Jedynym reprezentantem Ferrari był dzisiaj ponownie kierowca testowy Marc Gene. Hiszpan kontynuował zapoczątkowaną wczoraj pracę nad programem rozwojowym opon Bridgestone, prowadząc zeszłoroczny bolid F2004, za którego kierownicą uzyskał dziewiąty czas dnia. Zespół Red Bull także reprezentował dzisiaj tylko jeden kierowca, a był nim David Coulthard. Szkot zmieścił się ledwo poniżej dwóch sekund straty do de la Rosy, kończąc udział w testach nieco przed czasem ze względu na wypadnięcie z toru.

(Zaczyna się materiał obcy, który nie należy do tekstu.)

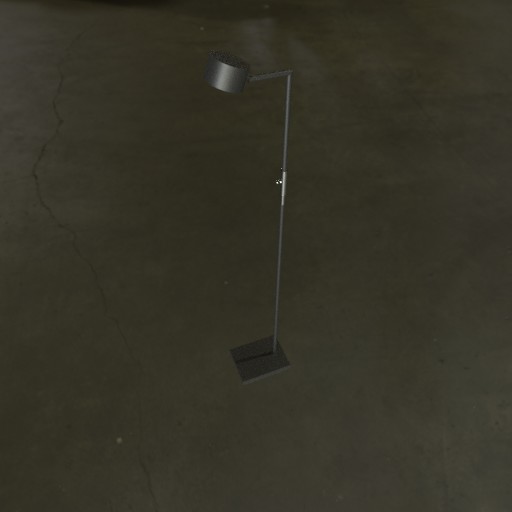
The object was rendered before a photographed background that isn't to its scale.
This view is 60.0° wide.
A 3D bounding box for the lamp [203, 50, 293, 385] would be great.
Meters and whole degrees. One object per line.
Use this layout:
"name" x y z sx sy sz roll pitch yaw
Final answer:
"lamp" 0.000 0.000 1.766 0.304 1.600 0.203 -16 48 -15
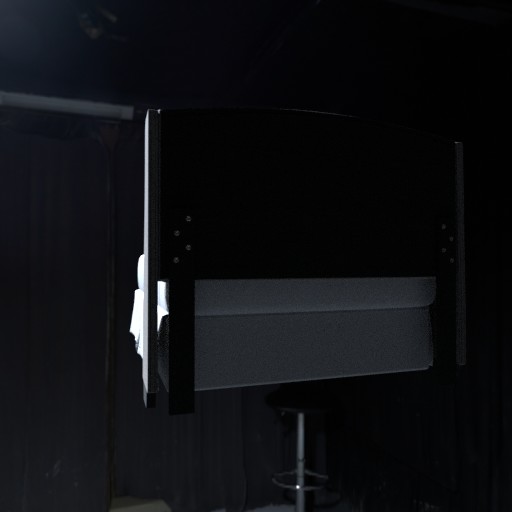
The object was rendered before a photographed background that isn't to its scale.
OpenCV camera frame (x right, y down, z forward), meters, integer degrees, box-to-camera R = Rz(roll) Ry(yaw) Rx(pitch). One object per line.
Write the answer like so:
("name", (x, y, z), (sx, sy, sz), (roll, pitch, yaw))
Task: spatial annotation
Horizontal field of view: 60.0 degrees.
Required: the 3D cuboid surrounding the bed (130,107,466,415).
("bed", (0.000, 0.000, 3.213), (1.710, 1.407, 2.237), (0, -1, -18))
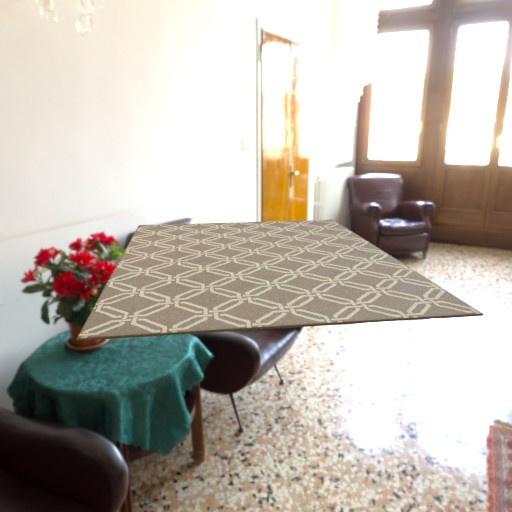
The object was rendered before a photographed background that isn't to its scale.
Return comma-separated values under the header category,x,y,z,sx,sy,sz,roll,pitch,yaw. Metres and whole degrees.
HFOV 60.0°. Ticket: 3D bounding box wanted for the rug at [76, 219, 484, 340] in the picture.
category,x,y,z,sx,sy,sz,roll,pitch,yaw
rug,0.000,0.000,3.816,2.288,0.018,2.895,-2,16,-8
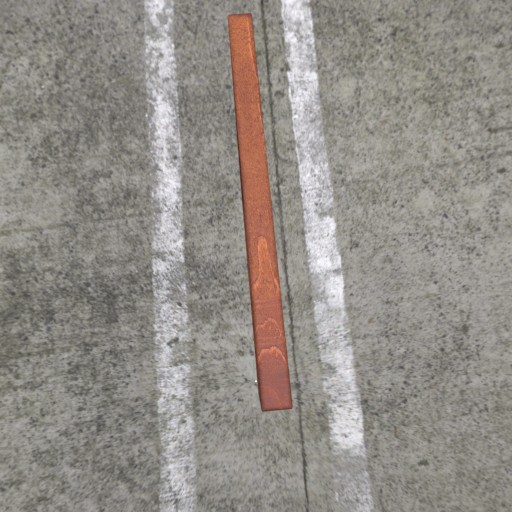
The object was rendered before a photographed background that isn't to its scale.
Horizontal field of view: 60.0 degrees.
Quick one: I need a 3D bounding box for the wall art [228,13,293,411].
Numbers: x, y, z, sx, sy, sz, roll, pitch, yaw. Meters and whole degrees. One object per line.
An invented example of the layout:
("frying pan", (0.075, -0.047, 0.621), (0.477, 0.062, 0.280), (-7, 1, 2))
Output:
("wall art", (0.000, 0.000, 0.749), (0.030, 0.558, 0.462), (-5, 74, -1))
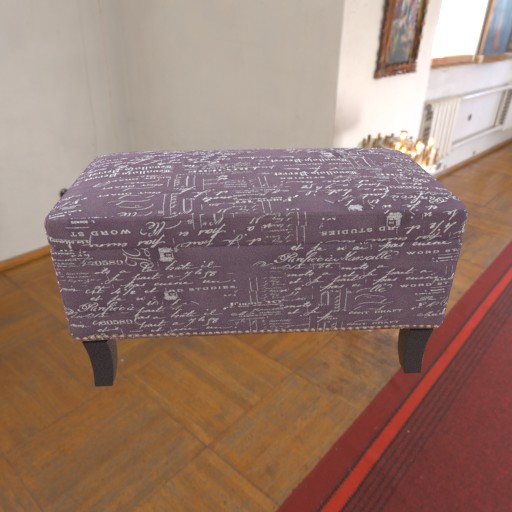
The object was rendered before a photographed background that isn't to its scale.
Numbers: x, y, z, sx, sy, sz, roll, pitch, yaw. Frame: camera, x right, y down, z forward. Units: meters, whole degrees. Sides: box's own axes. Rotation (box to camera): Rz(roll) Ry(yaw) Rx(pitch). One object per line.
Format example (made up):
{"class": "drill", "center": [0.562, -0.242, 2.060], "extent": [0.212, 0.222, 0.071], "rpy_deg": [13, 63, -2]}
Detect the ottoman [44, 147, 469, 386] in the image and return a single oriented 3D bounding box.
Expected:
{"class": "ottoman", "center": [0.000, 0.000, 1.085], "extent": [0.813, 0.457, 0.406], "rpy_deg": [-2, 30, -3]}
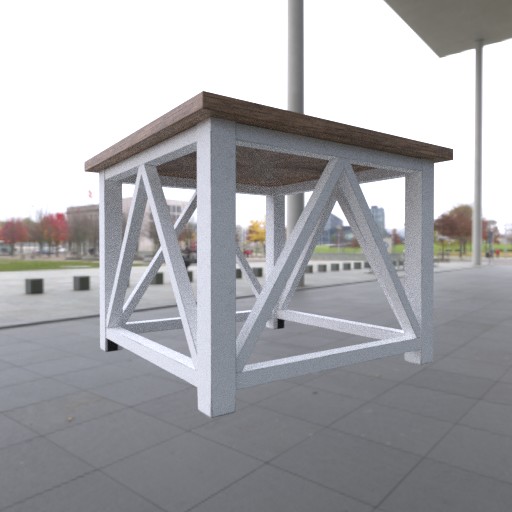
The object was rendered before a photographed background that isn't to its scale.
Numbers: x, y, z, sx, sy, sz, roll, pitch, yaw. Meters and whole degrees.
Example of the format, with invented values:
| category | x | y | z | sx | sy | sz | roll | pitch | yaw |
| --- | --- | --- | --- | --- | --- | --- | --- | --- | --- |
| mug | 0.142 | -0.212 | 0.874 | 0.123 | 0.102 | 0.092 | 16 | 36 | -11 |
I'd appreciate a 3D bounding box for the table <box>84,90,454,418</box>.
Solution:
| category | x | y | z | sx | sy | sz | roll | pitch | yaw |
| --- | --- | --- | --- | --- | --- | --- | --- | --- | --- |
| table | 0.000 | 0.000 | 1.181 | 0.700 | 0.532 | 0.700 | -1 | 1 | -35 |
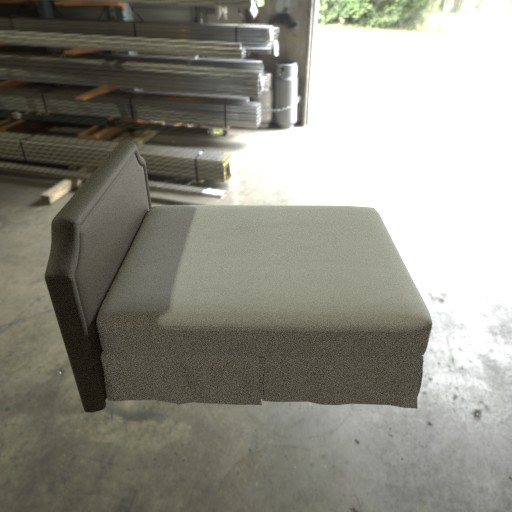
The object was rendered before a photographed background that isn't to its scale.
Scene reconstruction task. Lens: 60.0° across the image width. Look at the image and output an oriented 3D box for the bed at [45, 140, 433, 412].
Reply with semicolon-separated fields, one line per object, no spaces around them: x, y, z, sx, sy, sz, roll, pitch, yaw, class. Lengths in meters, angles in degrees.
0.000;0.000;3.246;2.181;1.297;1.831;0;32;0;bed
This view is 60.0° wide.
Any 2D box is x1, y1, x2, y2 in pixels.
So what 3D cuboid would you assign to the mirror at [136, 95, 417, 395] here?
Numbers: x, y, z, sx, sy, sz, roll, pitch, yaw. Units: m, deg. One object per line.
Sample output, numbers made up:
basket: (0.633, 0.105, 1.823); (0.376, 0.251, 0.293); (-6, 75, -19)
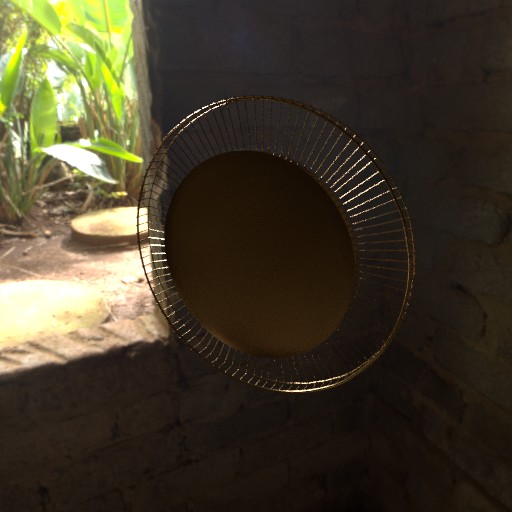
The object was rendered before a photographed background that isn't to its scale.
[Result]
mirror: (0.000, 0.000, 1.031); (0.703, 0.703, 0.067); (10, 21, 27)
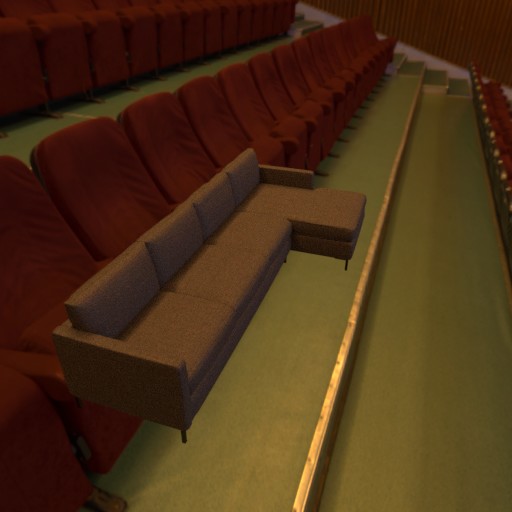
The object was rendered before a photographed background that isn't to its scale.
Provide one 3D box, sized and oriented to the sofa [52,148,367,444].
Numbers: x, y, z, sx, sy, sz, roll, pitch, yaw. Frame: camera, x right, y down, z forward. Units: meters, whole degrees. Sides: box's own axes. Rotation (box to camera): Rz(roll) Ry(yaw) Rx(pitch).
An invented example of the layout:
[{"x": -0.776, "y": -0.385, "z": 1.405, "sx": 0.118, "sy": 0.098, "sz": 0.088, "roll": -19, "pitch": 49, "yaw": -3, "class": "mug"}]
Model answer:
[{"x": 0.000, "y": 0.000, "z": 3.799, "sx": 1.483, "sy": 0.892, "sz": 3.221, "roll": 11, "pitch": 33, "yaw": 17, "class": "sofa"}]
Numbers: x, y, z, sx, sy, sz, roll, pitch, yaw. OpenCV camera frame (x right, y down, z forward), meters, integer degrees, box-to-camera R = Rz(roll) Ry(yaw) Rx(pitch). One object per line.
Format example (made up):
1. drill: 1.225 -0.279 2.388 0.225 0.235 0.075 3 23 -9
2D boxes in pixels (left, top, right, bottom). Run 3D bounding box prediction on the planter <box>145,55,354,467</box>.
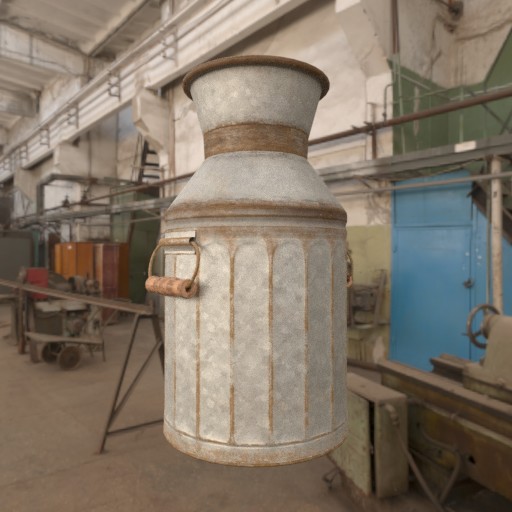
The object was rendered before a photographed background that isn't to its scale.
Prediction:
1. planter: 0.000 0.000 0.519 0.245 0.396 0.214 0 0 -38
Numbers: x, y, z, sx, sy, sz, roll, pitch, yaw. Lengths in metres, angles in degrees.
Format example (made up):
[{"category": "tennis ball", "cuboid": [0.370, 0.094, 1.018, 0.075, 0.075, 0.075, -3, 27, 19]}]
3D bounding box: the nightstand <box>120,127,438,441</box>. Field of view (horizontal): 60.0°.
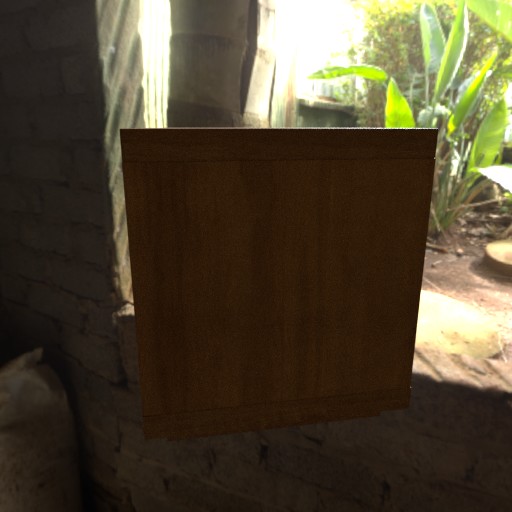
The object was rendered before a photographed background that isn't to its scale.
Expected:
[{"category": "nightstand", "cuboid": [0.000, 0.000, 0.883, 0.436, 0.491, 0.493, -3, 16, -10]}]

Jego dorobek wyniósł jednak ponad 110 okrążeń.

Ostatnim uczestnikiem dzisiejszych testów był kierowca zespołu Sauber, Jacques Villeneuve. Kanadyjczyk uplasował się na ostatniej pozycji, a jego strata do najszybszego kierowcy wyniosła aż blisko cztery sekundy. Program testów szwajcarskiej stajni obejmował pracę nad ustawieniami bolidu C24, a także testy aerodynamiczne, które przyniosły pozytywne wyniki. Zespół zdaje sobie jednak sprawę, że daleko mu jeszcze do zeszłorocznej formy i musi bardziej się postarać.